Oh, and Porsche’s legendary durability, reliability, safety and resale value, which – despite service intervals of a long 30,000km – instills the confidence to drive hard, even on a racetrack, without worrying about getting home again.

A touch more understeer than Boxster S was evident in the many hairpins and tightening-radius tuns around Adelaide, and that comes from Porsche’s logical decision to fit a larger front anti-roll bar while specifying a thinner rear item. With a chassis as rigid as this, the mid-mounted Cayman S could quite easily have been much more of a handful than it is.

That said, the roofed Boxster is so fluid, so progressive and so chuckable that it both easily out-paces the 911 for mid-corner speed yet is more controllable beyond the limit of adhesion.

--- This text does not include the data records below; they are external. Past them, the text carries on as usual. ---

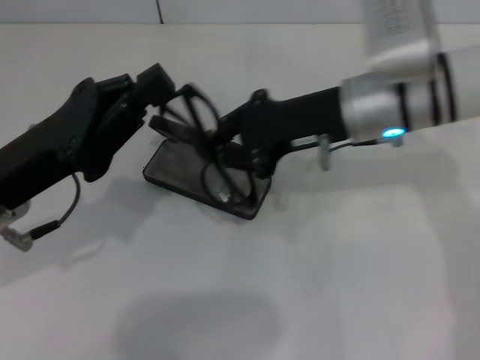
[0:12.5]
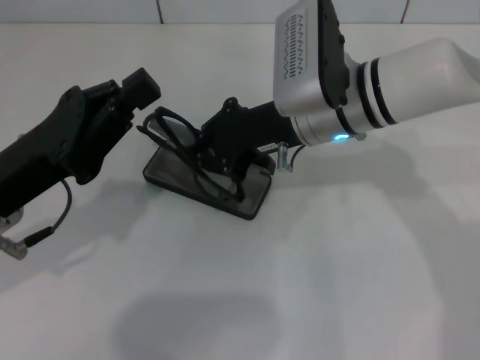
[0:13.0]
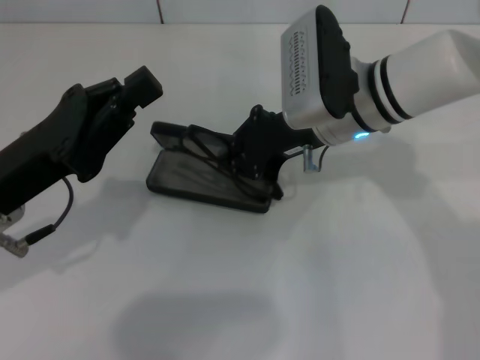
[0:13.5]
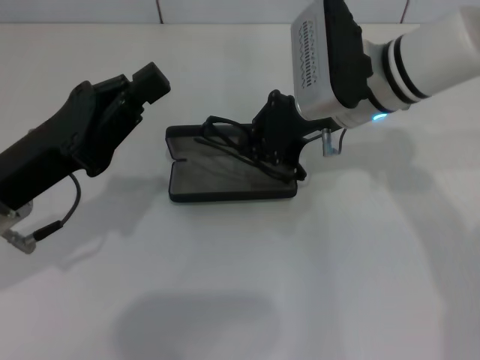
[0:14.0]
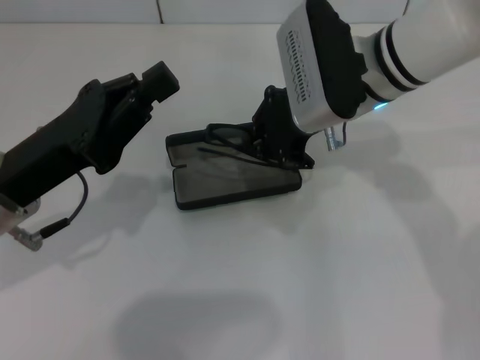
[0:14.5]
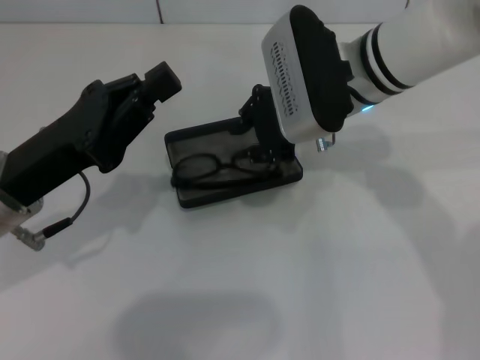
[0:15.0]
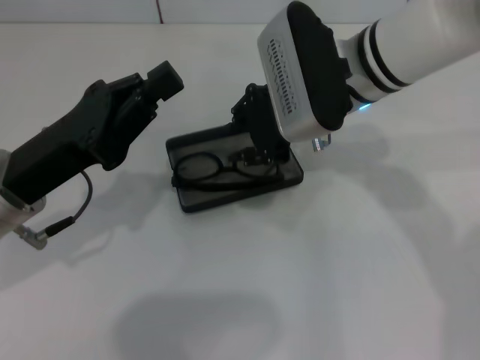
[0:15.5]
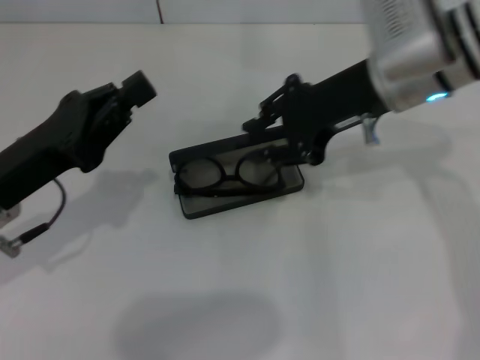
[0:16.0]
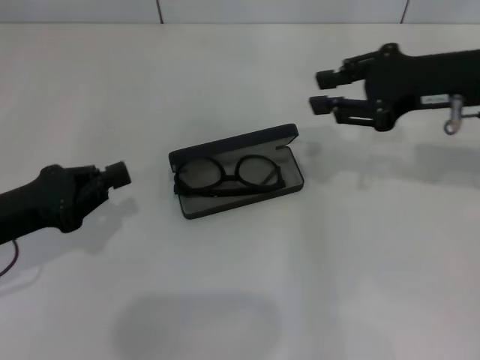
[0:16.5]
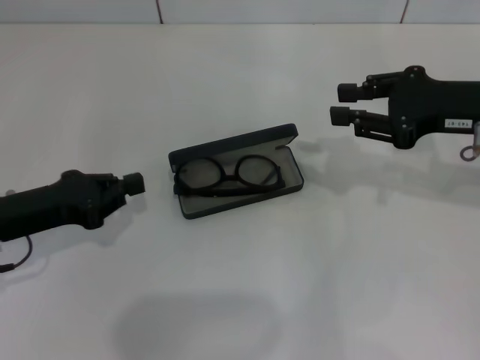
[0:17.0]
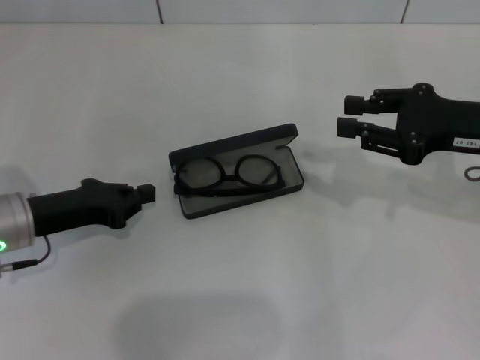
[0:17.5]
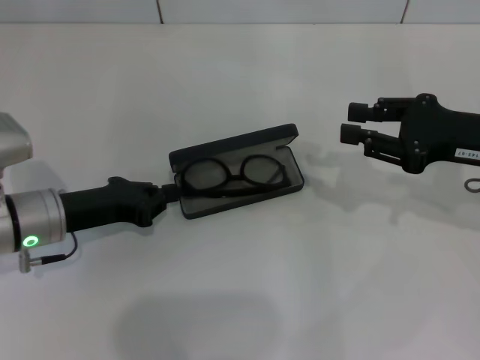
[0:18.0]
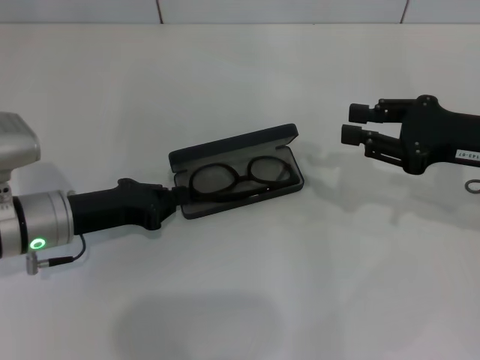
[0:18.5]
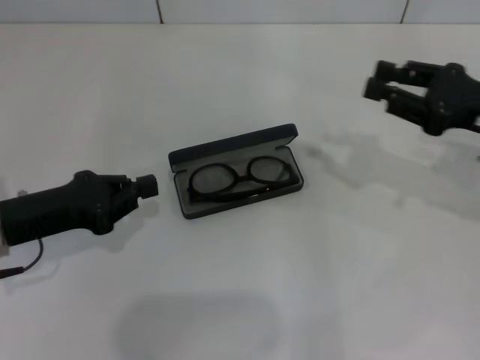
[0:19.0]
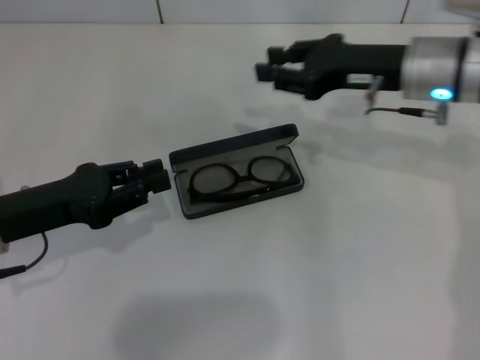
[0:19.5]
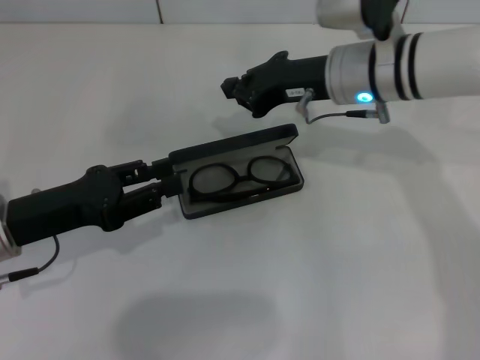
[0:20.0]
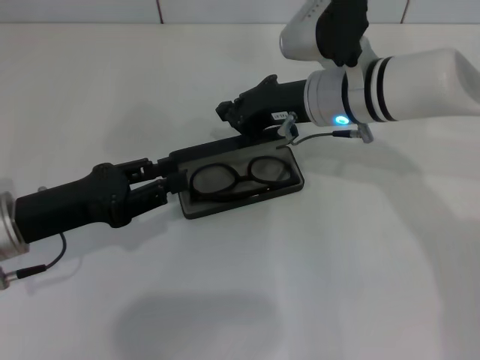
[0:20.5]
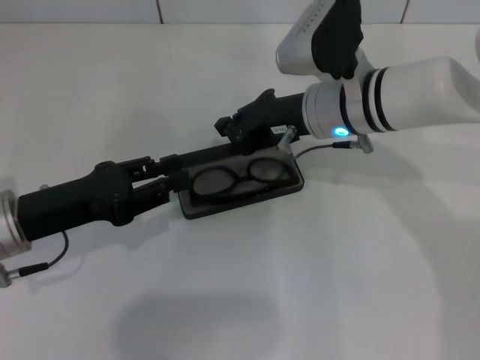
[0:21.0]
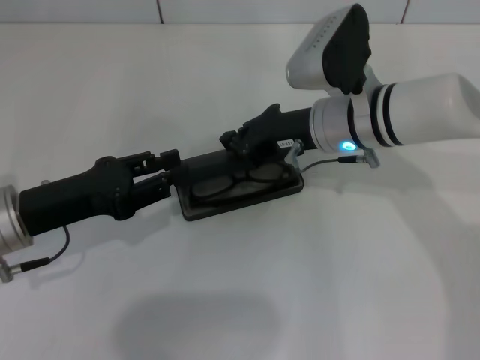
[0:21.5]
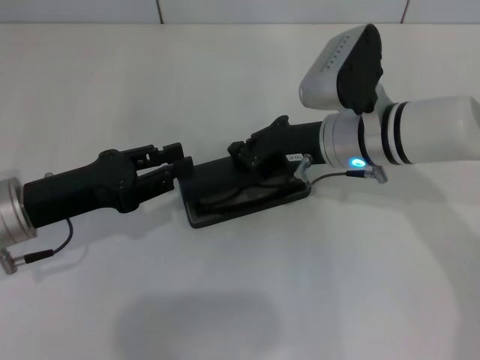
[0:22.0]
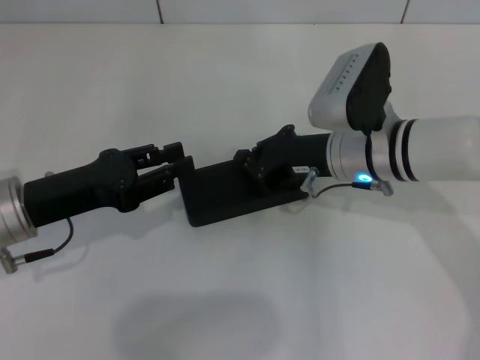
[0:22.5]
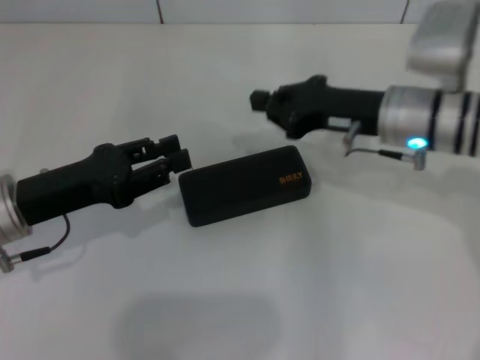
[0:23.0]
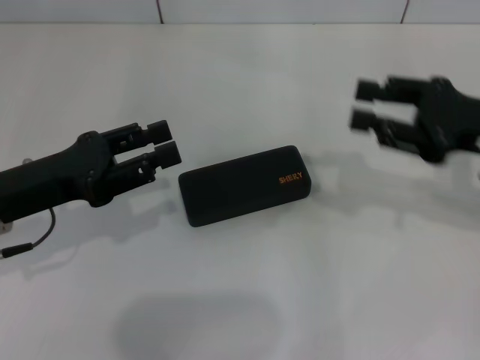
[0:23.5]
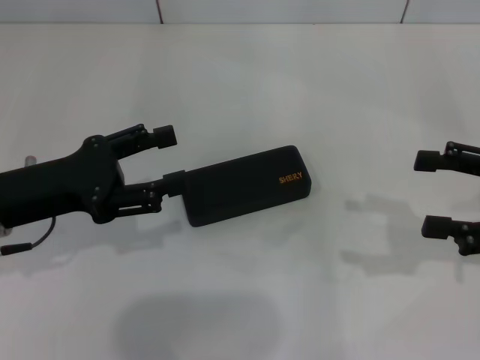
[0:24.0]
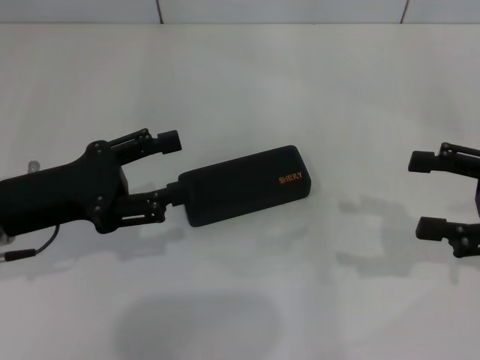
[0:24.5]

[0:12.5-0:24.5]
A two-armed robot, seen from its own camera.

Cayman S feels like it could easily do with more power, but it’s not just for marketing reasons that it’s not fitted with a 911 engine.

The mid-engined two-door (dare we call it a three-door hatch?) lacks the power-down traction and corner exit grip of the more powerful 911, which remains the enthusiasts’ choice as the more challenging, more expensive and more powerful - and ultimately the quickest and fastest – Porsche coupe.

While an entry-level Cayman, powered by the 3.2-litre Boxster S engine seems a future certainty for around $135,000, it will be interesting to see whether Porsche chooses to offer a more powerful ClubSport version, which would both encroach further on the top-shelf 911’s turf and, possibly, diminish some the Cayman S’s user-friendliness.

As it is, Cayman S offers prodigious and accessible performance that’s now available to a whole new generation of sub-$150,000 Porsche coupe buyers.

Different enough from both Boxster and 911 to ensure its future within the Porsche line-up, it should have the makers of the SLK and BMW’s forthcoming Z4 coupe and the E92 M3 V8 shaking in their boots.

Never has uncompromised Porsche performance come at such a small price.